Commentary: What do parking requirements have to do with affordable housing?
This guest commentary is by Rev. Laura Rossbert, a local affordable housing advocate and the COO/Supportive Housing Specialist at Shopworks Architecture. Laura is dedicated to ensuring housing meets the needs of those who will live within it and is passionate about helping non-profits build dignified, joyful, and equitable housing and organizations! She’s also the mom of two awesome girls who keep her on her toes daily, and remind her to laugh amidst the chaos. She is on Twitter @lrossbert and on LinkedIn.
When I entered the affordable housing world, one thing I didn’t count on was how many projects across Denver don’t even pass the visioning stage. There are a variety of reasons for this, mainly revolving around finances, but the one I was not counting on was…parking.
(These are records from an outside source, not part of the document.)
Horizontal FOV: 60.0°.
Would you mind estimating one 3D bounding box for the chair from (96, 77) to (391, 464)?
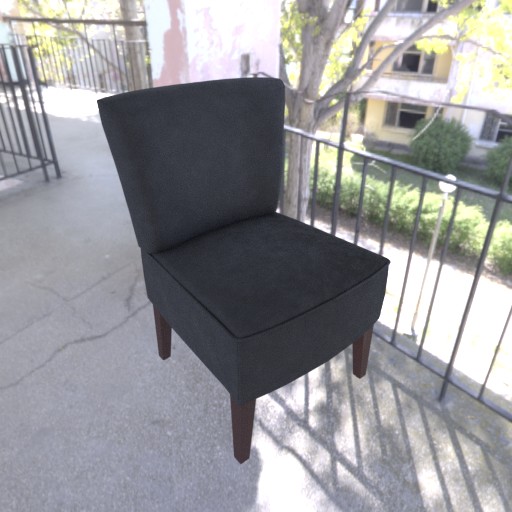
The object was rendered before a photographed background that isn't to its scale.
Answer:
[{"bbox_3d":[0.000,0.000,1.166,0.521,0.806,0.554,-22,36,-33],"label":"chair"}]
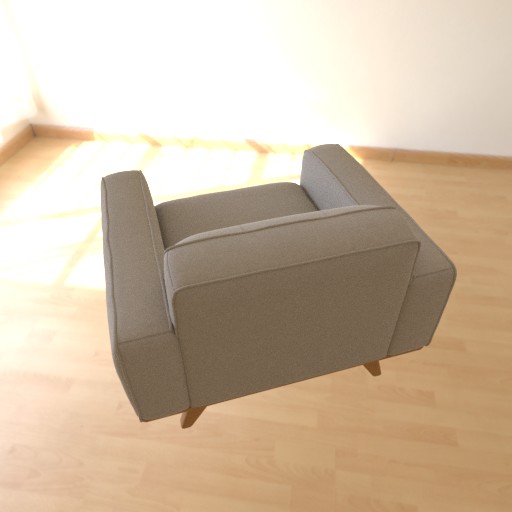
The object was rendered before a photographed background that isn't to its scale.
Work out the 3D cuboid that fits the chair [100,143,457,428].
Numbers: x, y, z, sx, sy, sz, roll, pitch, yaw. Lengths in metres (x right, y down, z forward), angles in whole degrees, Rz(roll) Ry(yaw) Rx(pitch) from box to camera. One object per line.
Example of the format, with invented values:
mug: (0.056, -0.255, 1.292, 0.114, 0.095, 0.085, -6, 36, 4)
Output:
chair: (0.000, 0.000, 1.737, 1.115, 0.779, 0.953, -11, 42, -12)

Yes, you read that right. I had no idea how many projects never come to be because our current zoning code has unreasonably high parking requirements that add so much cost to a project. Whether it be the cost to build it or the land required to create space for those cars, many projects die before they ever had a chance to live. So, now I’ve somehow become a parking activist. Who knew that was a thing?
As a firm that focuses on designing affordable housing, Shopworks Architecture consistently experiences the parking required by code exceeding the demand of these buildings. We have visited our buildings after they were built, and we often find ourselves walking through mainly empty parking lots. In order to understand the parking needs of affordable housing projects across Denver, our firm partnered with Fox Tuttle Transportation to explore parking demands on a variety of affordable housing types to determine whether the current code requirements are warranted or if our anecdotal evidence was correct and these parking requirements are too high. Within Denver zoning code, required parking ratios in affordable housing vary greatly. For example, developments along the Colfax corridor require 0.25 parking spots per unit, some zone districts within the Downtown Core require 0 parking spots per unit, and elsewhere in Denver the requirements can be up to 1.25 parking spots per unit.
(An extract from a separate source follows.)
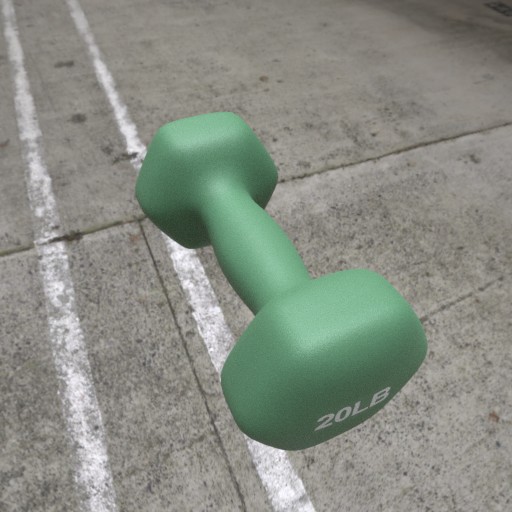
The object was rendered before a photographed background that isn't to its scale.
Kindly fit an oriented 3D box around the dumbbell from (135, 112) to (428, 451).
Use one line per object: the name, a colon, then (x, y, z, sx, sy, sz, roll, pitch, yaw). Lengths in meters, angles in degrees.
dumbbell: (0.000, 0.000, 0.321, 0.126, 0.114, 0.257, -18, 48, -17)

To explore parking demand, we surveyed 19 properties with an average area median income (AMI) of 30-50%. Our findings surprised even the members of our team. Some of our key takeaways:
- Current parking requirements for affordable housing exceed the demand for that parking – We found that average vehicle ownership was 8.8% which equates to 1 vehicle per 12 units.
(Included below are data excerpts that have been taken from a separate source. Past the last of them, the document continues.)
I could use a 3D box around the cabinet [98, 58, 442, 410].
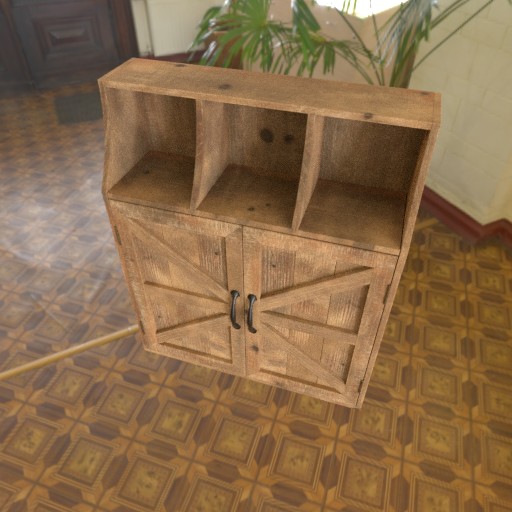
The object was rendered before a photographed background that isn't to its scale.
[{"bbox_3d":[0.000,0.000,0.808,0.489,0.590,0.184,12,43,13],"label":"cabinet"}]
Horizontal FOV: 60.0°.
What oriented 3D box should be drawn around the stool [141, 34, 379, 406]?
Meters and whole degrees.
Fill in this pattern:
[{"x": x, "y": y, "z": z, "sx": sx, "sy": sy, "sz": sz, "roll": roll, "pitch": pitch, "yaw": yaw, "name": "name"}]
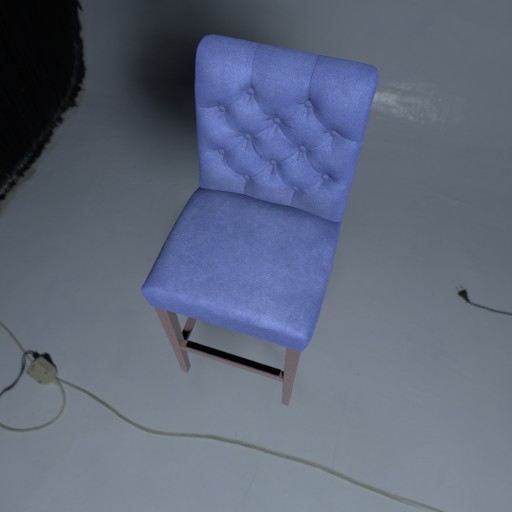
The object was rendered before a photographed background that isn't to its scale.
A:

- Across one-bedroom supportive housing units in Denver (0-30% AMI), 5.3% of residents have a car, equating to less than 1 vehicle per 18 units.
- These parking requirements place an undue burden on affordable housing and limit its creation in Denver due to the land required to park those cars and the cost to build parking.
We also found that a property’s proximity to quality walking and biking opportunities and transit services deeply impacts vehicle ownership. This is especially important because affordable housing is often purposefully situated within communities and neighborhoods that are walkable, bikable, and near transit. In addition, the non-profits that generally operate these properties often provide their residents with transit passes or drive them to appointments if necessary.
Across the 19 properties we surveyed that were built during the last six years, we found that 883 parking spaces were built, but only 461 were used; in other words, 422 unnecessary parking spaces were built. With an estimated cost of $22,000 per space, $9.28 million dollars was spent on unnecessary parking. Instead of building these parking spaces, an entire separate 40-unit supportive housing apartment building could have been built!
We are building parking when we could be building more housing. Affordable housing is paid for with federal, state, and city funds. We are using taxpayer dollars to build parking when we could be creating housing that our fellow Denverites desperately need. Let’s do something about that!